*** Opening Data for review ***

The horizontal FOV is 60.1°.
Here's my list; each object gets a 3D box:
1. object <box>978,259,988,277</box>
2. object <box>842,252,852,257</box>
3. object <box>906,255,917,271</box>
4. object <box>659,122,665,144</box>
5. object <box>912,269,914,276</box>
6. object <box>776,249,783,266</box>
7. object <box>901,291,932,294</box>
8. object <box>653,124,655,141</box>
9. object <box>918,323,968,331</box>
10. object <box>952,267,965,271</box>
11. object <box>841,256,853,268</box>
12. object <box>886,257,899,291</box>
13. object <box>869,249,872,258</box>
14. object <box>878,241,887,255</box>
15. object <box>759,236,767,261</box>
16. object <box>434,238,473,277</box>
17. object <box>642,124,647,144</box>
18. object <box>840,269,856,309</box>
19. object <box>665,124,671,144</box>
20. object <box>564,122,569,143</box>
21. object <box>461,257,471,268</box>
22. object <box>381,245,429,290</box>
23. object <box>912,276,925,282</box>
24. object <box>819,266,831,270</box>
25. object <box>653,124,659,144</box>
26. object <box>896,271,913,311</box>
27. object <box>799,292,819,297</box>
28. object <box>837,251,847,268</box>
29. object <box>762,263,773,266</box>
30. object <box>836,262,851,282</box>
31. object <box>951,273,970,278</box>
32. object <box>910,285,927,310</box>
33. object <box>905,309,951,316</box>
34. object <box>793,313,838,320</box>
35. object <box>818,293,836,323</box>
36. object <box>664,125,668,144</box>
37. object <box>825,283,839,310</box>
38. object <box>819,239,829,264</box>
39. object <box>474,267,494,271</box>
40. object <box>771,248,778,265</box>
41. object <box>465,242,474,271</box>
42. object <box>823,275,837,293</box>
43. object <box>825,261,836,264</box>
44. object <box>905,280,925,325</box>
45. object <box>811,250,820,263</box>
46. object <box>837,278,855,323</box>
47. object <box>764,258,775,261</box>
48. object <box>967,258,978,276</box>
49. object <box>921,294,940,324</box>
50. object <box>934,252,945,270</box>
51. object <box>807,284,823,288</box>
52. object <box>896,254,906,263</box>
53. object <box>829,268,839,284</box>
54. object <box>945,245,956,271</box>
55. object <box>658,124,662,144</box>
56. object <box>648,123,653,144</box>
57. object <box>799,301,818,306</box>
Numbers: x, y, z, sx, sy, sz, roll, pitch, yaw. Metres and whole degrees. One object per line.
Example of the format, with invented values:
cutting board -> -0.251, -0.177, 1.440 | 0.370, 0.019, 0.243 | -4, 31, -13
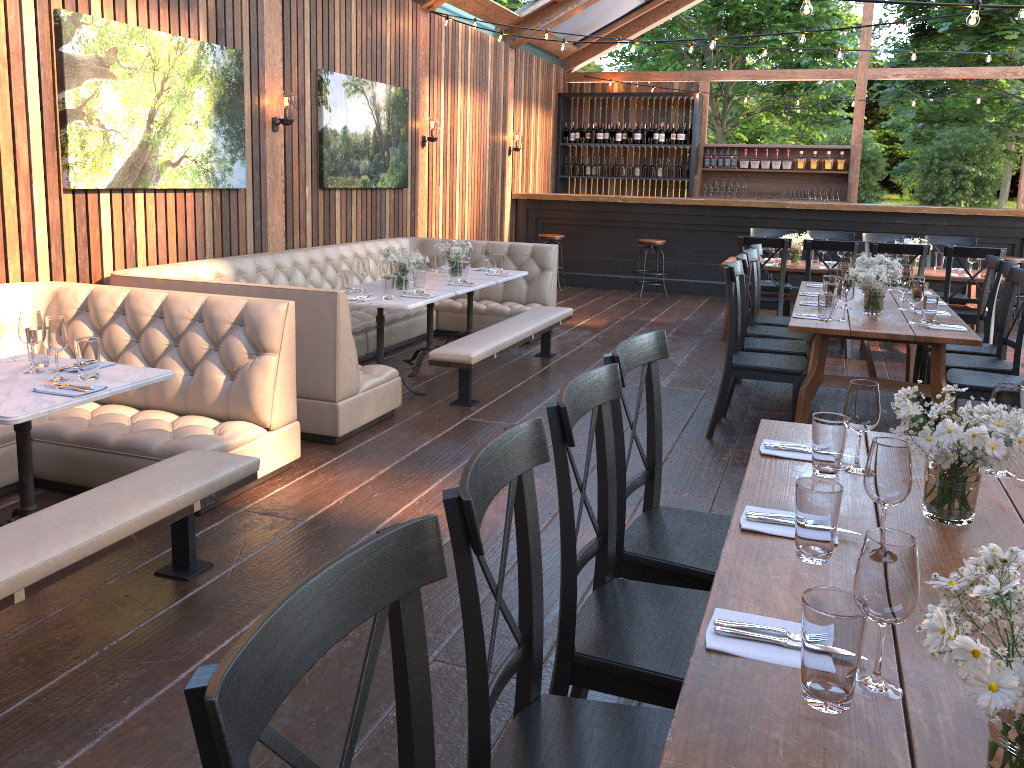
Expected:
object -> 4.162, -1.024, 7.815 | 0.092, 0.156, 0.092 | -8, 14, -43
object -> 3.100, -1.140, 8.185 | 0.092, 0.156, 0.092 | -8, 14, -43
object -> 3.614, -1.086, 8.014 | 0.092, 0.156, 0.092 | -8, 14, -43
object -> 2.308, -3.853, 13.609 | 0.087, 0.331, 0.088 | 2, 10, -1
object -> 2.949, -0.778, 6.611 | 0.092, 0.156, 0.092 | -8, 14, -43
object -> 2.544, -1.198, 8.372 | 0.092, 0.156, 0.092 | -8, 14, -43
object -> 2.933, -0.674, 6.470 | 0.255, 0.019, 0.159 | 6, 14, 19
object -> 2.207, -3.888, 13.791 | 0.136, 0.312, 0.138 | -2, 11, -19
object -> 2.365, -0.319, 4.875 | 0.255, 0.019, 0.159 | 6, 14, 19
object -> 4.254, -1.097, 8.442 | 0.158, 0.019, 0.258 | 6, 14, 19
object -> 2.473, -0.822, 6.557 | 0.092, 0.242, 0.093 | -4, 11, -28
object -> 2.826, -0.818, 6.583 | 0.092, 0.242, 0.093 | -4, 11, -28
object -> 3.517, -1.228, 8.617 | 0.092, 0.156, 0.092 | -8, 14, -43
object -> 3.558, -1.248, 8.518 | 0.092, 0.242, 0.093 | -4, 11, -28
object -> 2.506, -1.360, 8.875 | 0.092, 0.242, 0.093 | -4, 11, -28
object -> -0.476, -1.031, 7.213 | 0.329, 0.306, 0.340 | 0, 12, -6
object -> 2.057, -3.868, 13.712 | 0.075, 0.299, 0.076 | 2, 10, 2
object -> 2.095, -0.592, 5.525 | 0.092, 0.242, 0.093 | -4, 11, -28
object -> 2.403, -3.836, 13.596 | 0.077, 0.306, 0.078 | 1, 10, -2
object -> 0.872, -4.017, 14.165 | 0.081, 0.321, 0.172 | 2, 10, 4
object -> -0.407, -1.088, 7.796 | 0.092, 0.156, 0.093 | 3, 10, 6
object -> -0.775, -0.831, 6.319 | 0.331, 0.306, 0.338 | 12, 15, 40
object -> 2.774, -0.655, 6.065 | 0.092, 0.156, 0.092 | -8, 14, -43
object -> 2.936, -1.080, 8.214 | 0.158, 0.019, 0.258 | 6, 14, 19
object -> 2.224, -3.846, 13.629 | 0.077, 0.303, 0.077 | 9, 12, 35
object -> 2.459, -0.586, 5.550 | 0.092, 0.242, 0.093 | -4, 11, -28
object -> 2.136, -0.626, 6.165 | 0.255, 0.019, 0.159 | 6, 14, 19
object -> 3.083, -1.206, 8.281 | 0.092, 0.242, 0.093 | -4, 11, -28
object -> 2.396, -1.138, 8.400 | 0.158, 0.019, 0.258 | 6, 14, 19
object -> 2.250, -0.700, 6.010 | 0.092, 0.242, 0.093 | -4, 11, -28
object -> 3.988, -0.968, 7.858 | 0.158, 0.019, 0.258 | 6, 14, 19
object -> 2.562, -0.548, 5.589 | 0.092, 0.156, 0.092 | -8, 14, -43
object -> 2.554, -0.443, 5.437 | 0.255, 0.019, 0.159 | 6, 14, 19
object -> 1.758, -0.393, 5.121 | 0.255, 0.019, 0.159 | 6, 14, 19
object -> 1.753, -0.423, 4.946 | 0.092, 0.156, 0.092 | -5, 13, -34
object -> 2.405, -3.856, 13.701 | 0.075, 0.299, 0.076 | 2, 10, 2
object -> 1.982, -0.542, 5.484 | 0.092, 0.156, 0.092 | -8, 14, -43
object -> 3.062, -1.302, 8.690 | 0.092, 0.242, 0.093 | -4, 11, -28
object -> -0.242, -1.014, 7.801 | 0.158, 0.019, 0.258 | 6, 14, 19
object -> 2.529, -1.268, 8.481 | 0.092, 0.242, 0.093 | -4, 11, -28
object -> -0.373, -1.105, 7.686 | 0.092, 0.242, 0.093 | -4, 11, -28
object -> 2.140, -0.651, 5.971 | 0.092, 0.156, 0.092 | -8, 14, -43
object -> 3.187, -1.213, 8.814 | 0.158, 0.019, 0.258 | 6, 14, 19
object -> 2.268, -0.461, 4.982 | 0.092, 0.242, 0.093 | -3, 11, -22
object -> 3.016, -1.285, 8.802 | 0.092, 0.156, 0.092 | -8, 14, -43
object -> 1.877, -0.472, 4.984 | 0.092, 0.242, 0.093 | -3, 11, -22
object -> 2.644, -1.270, 8.996 | 0.158, 0.019, 0.258 | 6, 14, 19
object -> 4.126, -1.096, 7.934 | 0.092, 0.242, 0.093 | -4, 11, -28
object -> 2.377, -0.427, 5.038 | 0.092, 0.156, 0.093 | -3, 11, -24
object -> 4.076, -1.173, 8.446 | 0.092, 0.156, 0.092 | -8, 14, -43
object -> 2.368, -0.745, 6.705 | 0.255, 0.019, 0.159 | 6, 14, 19
object -> 3.572, -1.157, 8.127 | 0.092, 0.242, 0.093 | -4, 11, -28
object -> 2.376, -0.770, 6.511 | 0.092, 0.156, 0.092 | -8, 14, -43
object -> 4.125, -1.186, 8.320 | 0.092, 0.242, 0.093 | -4, 11, -28
object -> 2.301, -3.866, 13.713 | 0.078, 0.309, 0.079 | 4, 10, 14
object -> 2.145, -3.869, 13.680 | 0.081, 0.320, 0.082 | 1, 10, -2
object -> 1.976, -0.515, 5.670 | 0.255, 0.019, 0.159 | 6, 14, 19
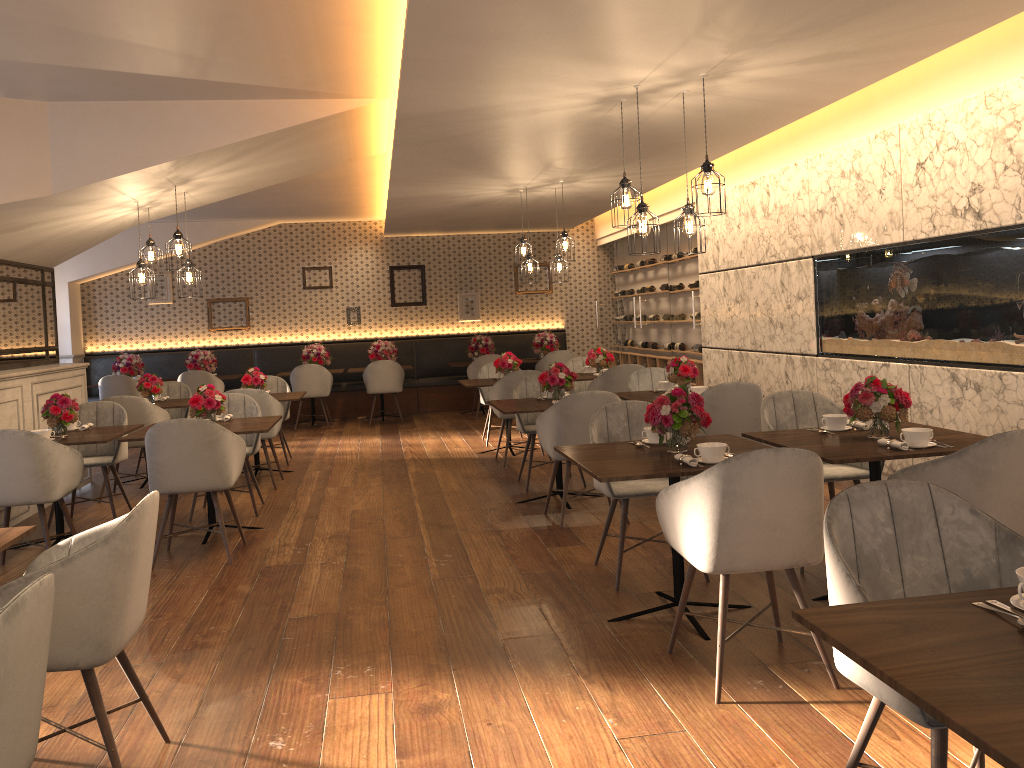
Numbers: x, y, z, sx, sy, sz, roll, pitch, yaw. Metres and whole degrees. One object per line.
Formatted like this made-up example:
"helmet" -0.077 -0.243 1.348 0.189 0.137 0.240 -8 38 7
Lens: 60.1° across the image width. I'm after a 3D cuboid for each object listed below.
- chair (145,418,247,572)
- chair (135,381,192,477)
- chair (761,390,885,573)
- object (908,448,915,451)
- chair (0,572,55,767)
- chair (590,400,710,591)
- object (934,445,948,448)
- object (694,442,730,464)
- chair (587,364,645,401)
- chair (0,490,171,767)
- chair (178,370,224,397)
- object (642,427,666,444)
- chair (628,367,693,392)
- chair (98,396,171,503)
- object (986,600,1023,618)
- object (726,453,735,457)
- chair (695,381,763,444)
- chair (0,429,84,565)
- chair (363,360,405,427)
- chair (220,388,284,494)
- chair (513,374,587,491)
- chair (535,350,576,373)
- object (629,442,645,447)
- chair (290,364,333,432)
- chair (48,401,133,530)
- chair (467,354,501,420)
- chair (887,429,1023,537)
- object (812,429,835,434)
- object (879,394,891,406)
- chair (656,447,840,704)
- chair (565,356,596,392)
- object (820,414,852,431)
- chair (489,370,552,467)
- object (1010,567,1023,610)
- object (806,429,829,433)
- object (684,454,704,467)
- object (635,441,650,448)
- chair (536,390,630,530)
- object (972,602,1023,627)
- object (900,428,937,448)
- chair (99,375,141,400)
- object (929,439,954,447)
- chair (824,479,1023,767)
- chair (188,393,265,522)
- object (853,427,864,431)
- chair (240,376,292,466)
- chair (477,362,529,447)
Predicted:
"chair" -1.896 0.613 5.299 0.565 0.871 0.527 -3 2 -9
"chair" -3.434 0.424 8.756 0.565 0.871 0.527 -3 2 -9
"chair" 1.627 0.486 4.727 0.565 0.871 0.527 -3 2 -9
"object" 1.651 0.259 3.777 0.025 0.024 0.193 -3 4 -9
"chair" -1.195 0.848 1.752 0.526 0.871 0.565 -3 2 -9
"chair" 0.680 0.543 4.581 0.565 0.871 0.527 -3 2 -9
"object" 1.804 0.259 3.818 0.022 0.004 0.211 -3 4 -9
"object" 0.823 0.285 3.639 0.148 0.072 0.148 0 4 34
"chair" 1.041 0.234 8.408 0.565 0.871 0.527 -3 2 -9
"chair" -1.339 0.785 2.680 0.526 0.871 0.565 -3 2 -9
"chair" -4.052 0.244 11.515 0.565 0.871 0.527 -3 2 -9
"object" 0.694 0.246 4.235 0.148 0.072 0.148 0 4 34
"chair" 1.232 0.311 7.275 0.565 0.871 0.527 -3 2 -9
"chair" -3.199 0.512 7.449 0.565 0.871 0.527 -3 2 -9
"object" 1.006 0.456 1.729 0.022 0.004 0.211 -3 4 -9
"object" 0.933 0.306 3.676 0.043 0.015 0.197 -4 4 -12
"chair" 1.420 0.402 5.960 0.565 0.871 0.527 -3 2 -9
"chair" -2.843 0.669 5.152 0.565 0.871 0.527 -3 2 -9
"chair" -1.707 0.103 11.878 0.565 0.871 0.527 -3 2 -9
"chair" -2.252 0.455 7.595 0.565 0.871 0.527 -3 2 -9
"chair" 0.285 0.368 7.128 0.565 0.871 0.527 -3 2 -9
"chair" 0.637 -0.038 12.240 0.565 0.871 0.527 -3 2 -9
"object" 0.587 0.283 4.199 0.043 0.015 0.197 -4 4 -12
"chair" -2.654 0.160 11.731 0.565 0.871 0.527 -3 2 -9
"chair" -3.078 0.581 6.460 0.565 0.871 0.527 -3 2 -9
"chair" -0.310 0.019 12.093 0.565 0.871 0.527 -3 2 -9
"chair" 1.815 0.577 3.412 0.565 0.871 0.527 -3 2 -9
"object" 1.530 0.233 4.338 0.022 0.004 0.211 -3 4 -9
"object" 1.661 0.070 3.997 0.048 0.052 0.076 -4 4 -29
"chair" 0.868 0.634 3.266 0.565 0.871 0.527 -3 2 -9
"chair" 0.852 0.143 9.723 0.565 0.871 0.527 -3 2 -9
"object" 1.601 0.192 4.375 0.148 0.072 0.148 0 4 34
"chair" 0.094 0.291 8.262 0.565 0.871 0.527 -3 2 -9
"object" 1.077 0.416 1.766 0.148 0.072 0.148 0 4 34
"object" 1.494 0.229 4.339 0.043 0.015 0.197 -4 4 -12
"object" 0.744 0.313 3.637 0.025 0.024 0.193 -3 4 -9
"object" 0.623 0.287 4.198 0.022 0.004 0.211 -3 4 -9
"chair" 0.473 0.459 5.814 0.565 0.871 0.527 -3 2 -9
"object" 0.970 0.452 1.730 0.043 0.015 0.197 -4 4 -12
"object" 1.730 0.231 3.779 0.148 0.072 0.148 0 4 34
"chair" -4.999 0.301 11.369 0.565 0.871 0.527 -3 2 -9
"object" 1.840 0.252 3.816 0.043 0.015 0.197 -4 4 -12
"chair" 1.059 0.711 2.132 0.565 0.871 0.527 -3 2 -9
"chair" -2.131 0.525 6.606 0.565 0.871 0.527 -3 2 -9
"object" 1.682 0.212 4.379 0.025 0.024 0.193 -3 4 -9
"chair" -2.487 0.367 8.903 0.565 0.871 0.527 -3 2 -9
"chair" -0.095 0.200 9.577 0.565 0.871 0.527 -3 2 -9
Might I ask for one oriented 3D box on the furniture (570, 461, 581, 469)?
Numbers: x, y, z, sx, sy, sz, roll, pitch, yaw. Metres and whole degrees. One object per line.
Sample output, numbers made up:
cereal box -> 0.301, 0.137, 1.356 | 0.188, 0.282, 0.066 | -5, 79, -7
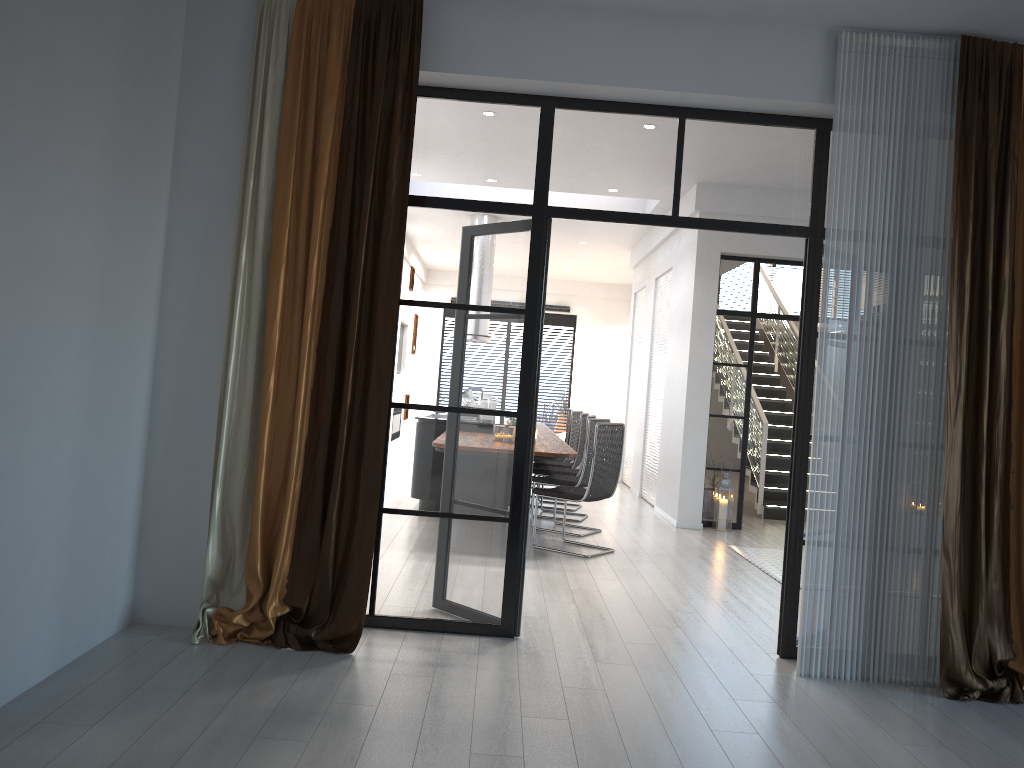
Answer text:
furniture -> 1.039, 1.127, 13.023 | 0.699, 0.460, 0.699 | 4, -1, -5

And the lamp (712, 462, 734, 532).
lamp -> 2.069, 1.091, 8.647 | 0.148, 0.666, 0.157 | 4, -2, -1

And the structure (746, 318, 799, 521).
structure -> 4.017, -0.221, 11.741 | 2.393, 3.604, 5.799 | 4, -1, -1

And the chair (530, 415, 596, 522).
chair -> 0.492, 0.794, 8.735 | 0.537, 1.019, 0.470 | 4, -1, 14

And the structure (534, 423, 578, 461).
structure -> -0.270, 0.802, 9.054 | 1.377, 0.888, 5.638 | 4, 0, -1

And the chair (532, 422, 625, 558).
chair -> 0.512, 0.791, 6.980 | 0.537, 1.019, 0.470 | 4, -2, 34

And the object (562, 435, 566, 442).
object -> 0.821, 0.900, 14.007 | 0.110, 0.183, 0.119 | 4, -1, 5

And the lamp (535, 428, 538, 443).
lamp -> 0.159, 0.416, 7.216 | 0.095, 0.124, 0.095 | 4, -1, 32

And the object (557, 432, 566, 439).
object -> 0.965, 1.000, 15.286 | 0.418, 0.355, 0.760 | 4, 0, 7

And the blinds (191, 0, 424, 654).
blinds -> -0.918, -0.347, 4.056 | 0.811, 3.047, 0.254 | 4, -2, -1

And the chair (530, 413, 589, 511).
chair -> 0.484, 0.795, 9.454 | 0.537, 1.019, 0.470 | 4, -1, 14

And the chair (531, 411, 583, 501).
chair -> 0.471, 0.796, 10.267 | 0.537, 1.019, 0.470 | 4, -1, 19

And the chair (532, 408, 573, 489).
chair -> 0.448, 0.797, 11.230 | 0.536, 1.019, 0.470 | 4, -1, -1

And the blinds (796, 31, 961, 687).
blinds -> 2.087, -0.106, 4.176 | 1.301, 3.070, 0.052 | 4, -2, 0

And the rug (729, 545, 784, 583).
rug -> 3.013, 1.479, 6.915 | 2.276, 0.020, 1.584 | 4, 0, -1

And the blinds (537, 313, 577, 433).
blinds -> -0.135, -0.086, 17.268 | 2.584, 2.722, 0.358 | 4, -2, -1

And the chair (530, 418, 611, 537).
chair -> 0.511, 0.793, 7.918 | 0.537, 1.019, 0.470 | 4, -2, 29

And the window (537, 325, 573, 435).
window -> 2.973, -1.116, 17.678 | 8.565, 5.065, 0.462 | 4, -2, -2

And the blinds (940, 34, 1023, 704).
blinds -> 2.374, -0.092, 4.078 | 0.811, 3.047, 0.254 | 4, -2, 0

*** Closing Data for review ***

### Your goal:
Wherever a line in the data above holds the word "made", copy that line.

### The completed task:
Formatted like this made-up example:
Sample output, numbers made up:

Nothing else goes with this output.